The primary sources of PCE emissions from dry-to-dry machines are the drying cycle
and fugitive emissions from the dry cleaning equipment (including equipment used to recycle
PCE and dispose of PCE-laden waste). Machines are designed to be either vented or non-vented
during the drying cycle. Approximately 200 dry cleaners (or about 1 percent) use vented
machines, and the remaining facilities use the lower-polluting, non-vented machines. (The 1993
NESHAP prohibits new dry cleaning machines at major and area sources that vent to the
atmosphere while the dry cleaning drum is rotating.) In vented machines, the majority of
emissions from the drying cycle are vented outside the building. In non-vented machines, dryer
emissions are released when the door is opened to remove garments. Currently, the largest
sources of emissions from dry cleaning are from equipment leaks, which come from leaking
valves and seals, and the loading and unloading of garments.

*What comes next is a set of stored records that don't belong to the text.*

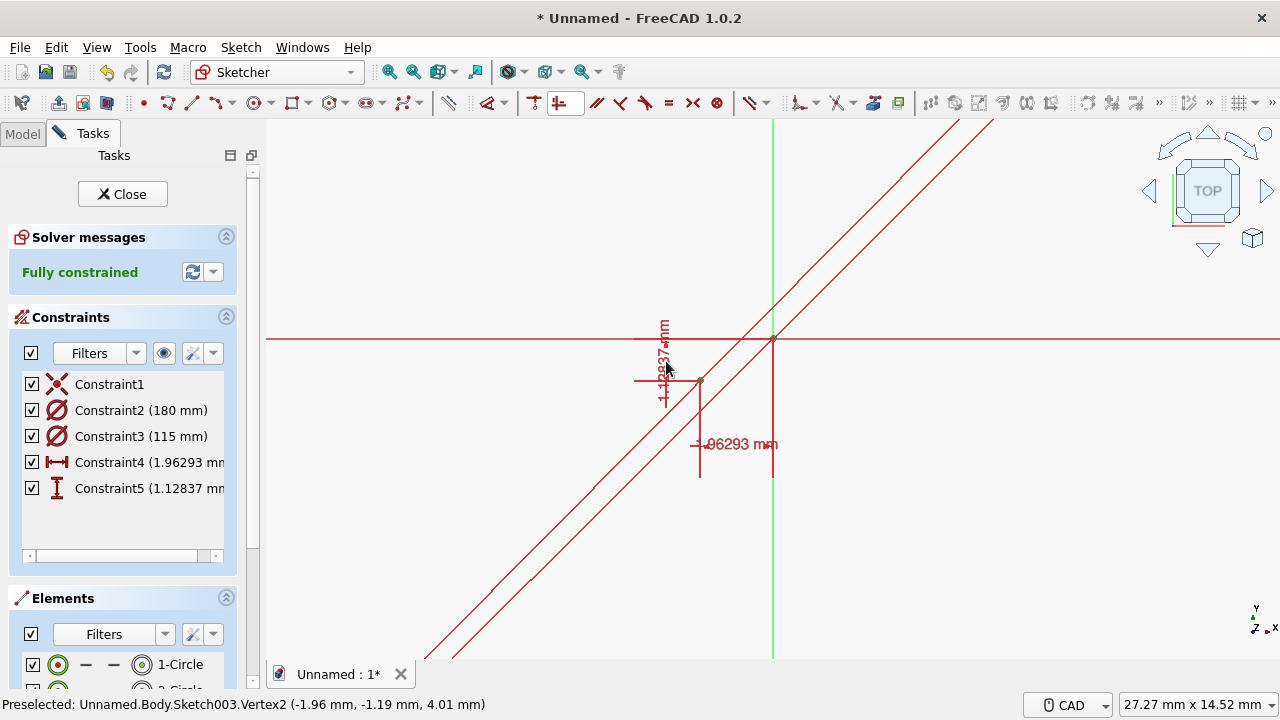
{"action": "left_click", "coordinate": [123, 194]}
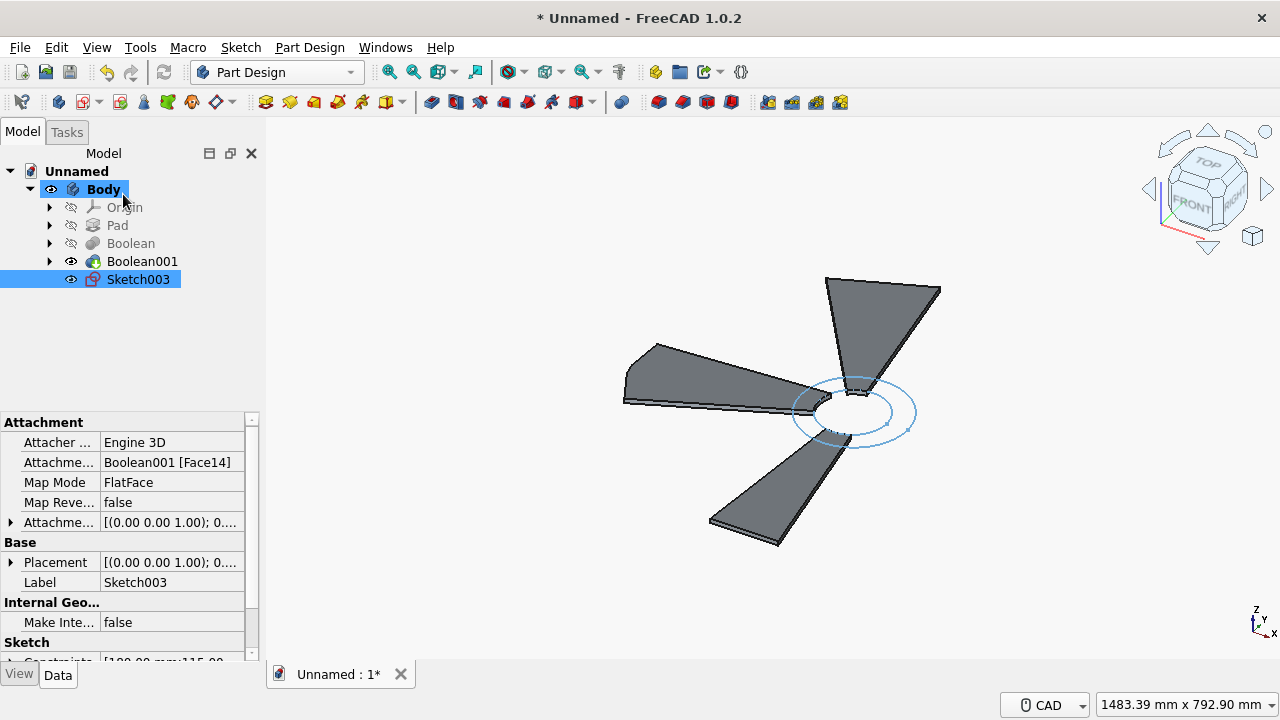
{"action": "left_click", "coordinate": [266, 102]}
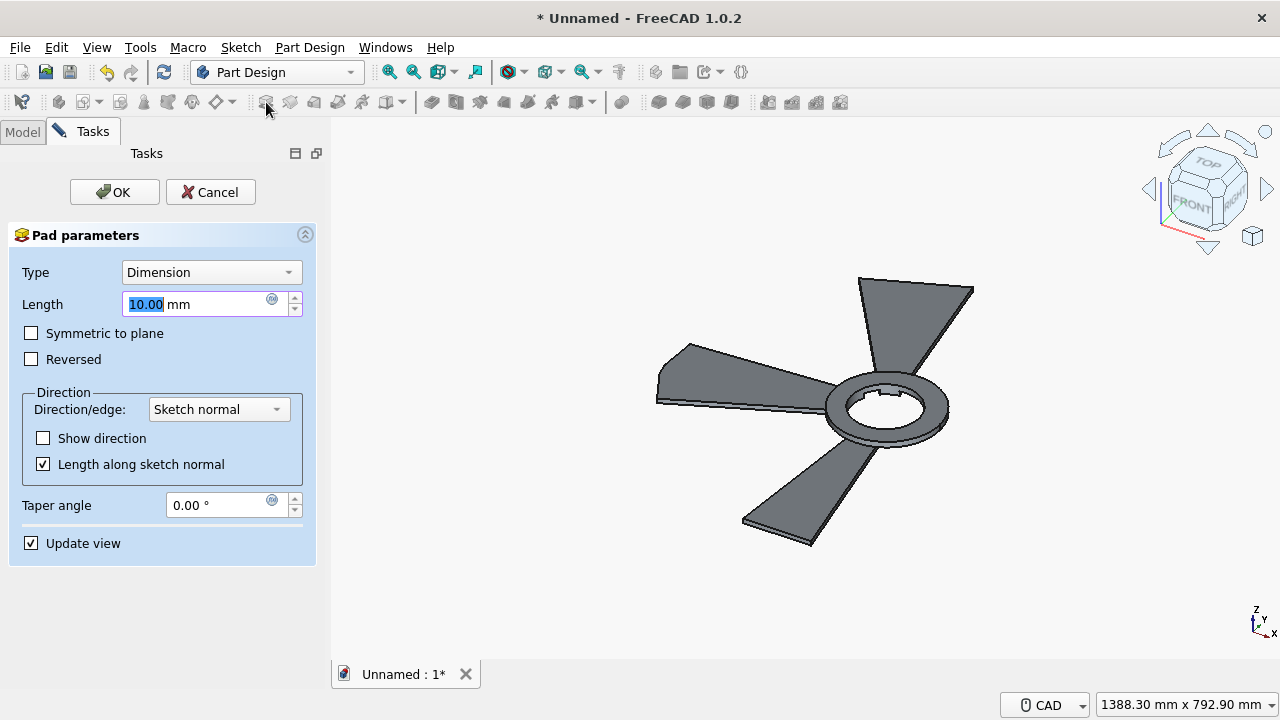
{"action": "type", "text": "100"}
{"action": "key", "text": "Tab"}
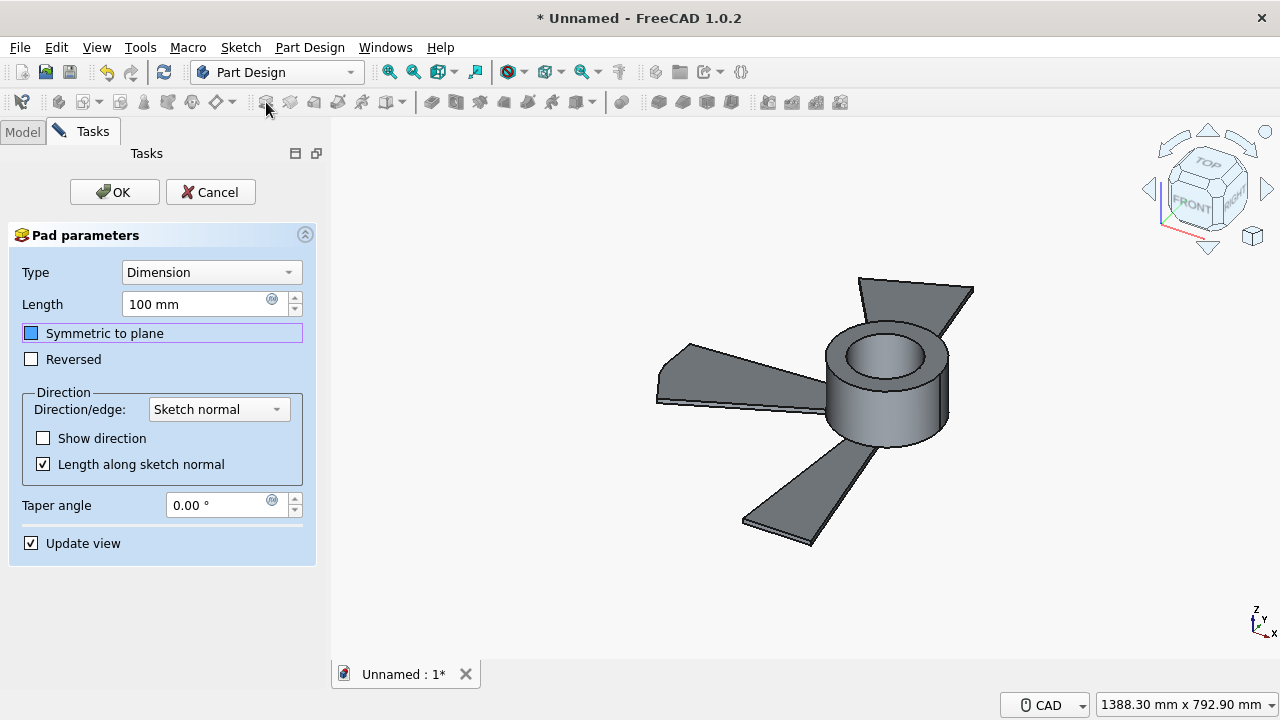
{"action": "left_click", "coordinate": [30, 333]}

In the future, the only major sources that we expect to see are the existing facilities (ERG,
2004). Based on the low emission rates of current PCE dry cleaning machines and the typical
business models used in the industrial and commercial dry cleaning sectors, it is unlikely that
any new major sources will be constructed or that any existing area sources will become major
sources by the addition of new equipment. The typical business models for these facilities are
picking up clothes for processing within a couple hundred mile radius of the facility and not
across several states, this limits the amount of potential garments facilities can service. Most
new dry cleaning machines have fourth generation (dry-to-dry closed loop machines with
refrigerated condenser and carbon adsorber) emission controls. A typical new fourth generation
machine can clean 800 pounds of garments per gallon of PCE. A new or existing source would
need to clean 840 tons of clothes to exceed the major source threshold of 2,100 gallons [2,100
gallons * 800 lb/gallon * 1 ton/2000 lb = 840 tons].

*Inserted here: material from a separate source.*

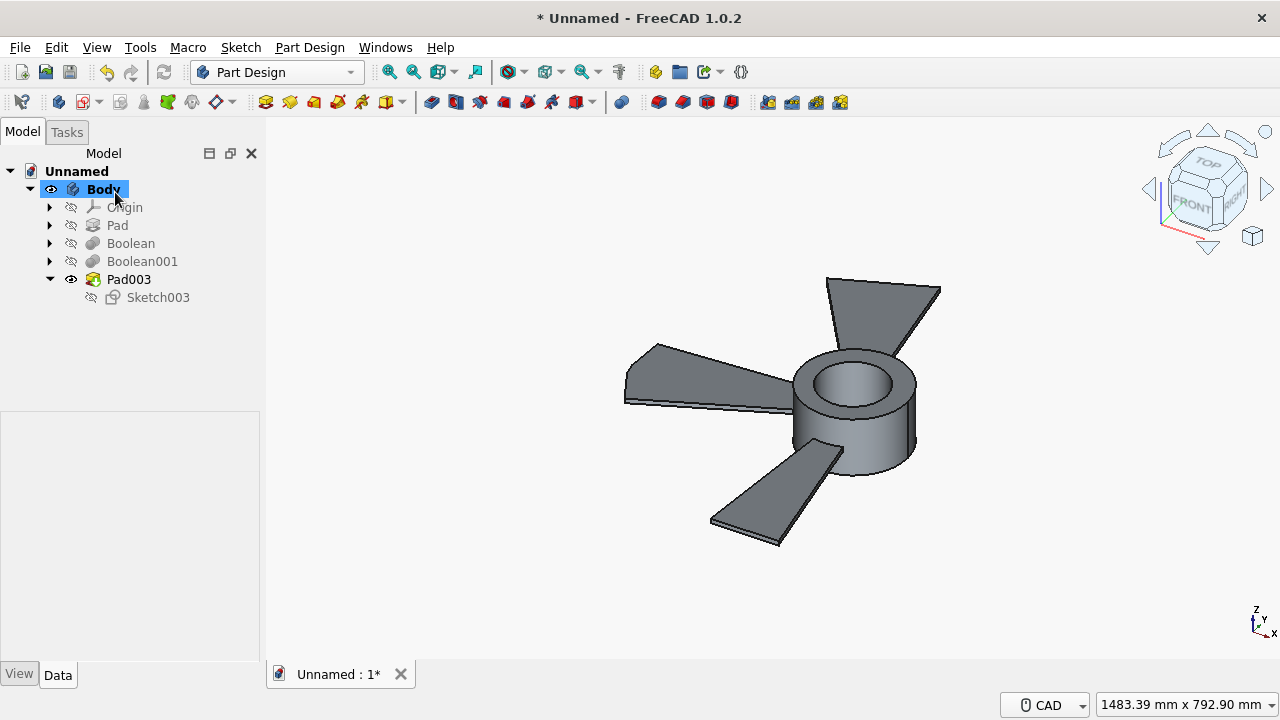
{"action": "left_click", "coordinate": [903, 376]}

No new commercial facilities are expected to be major sources. New area sources
allowed to install third generation machines (dry-to-dry closed loop with refrigerated condenser)
under the current requirements of the NESHAP, would need to clean 525 tons of clothes to
exceed the major source threshold of 2,100 gallons. This estimate is based on a typical
performance of a new third generation machine of 500 pounds per gallon of PCE [2,100 gallons
* 500 lb/gallon * 1 ton/2000 lb = 525 tons].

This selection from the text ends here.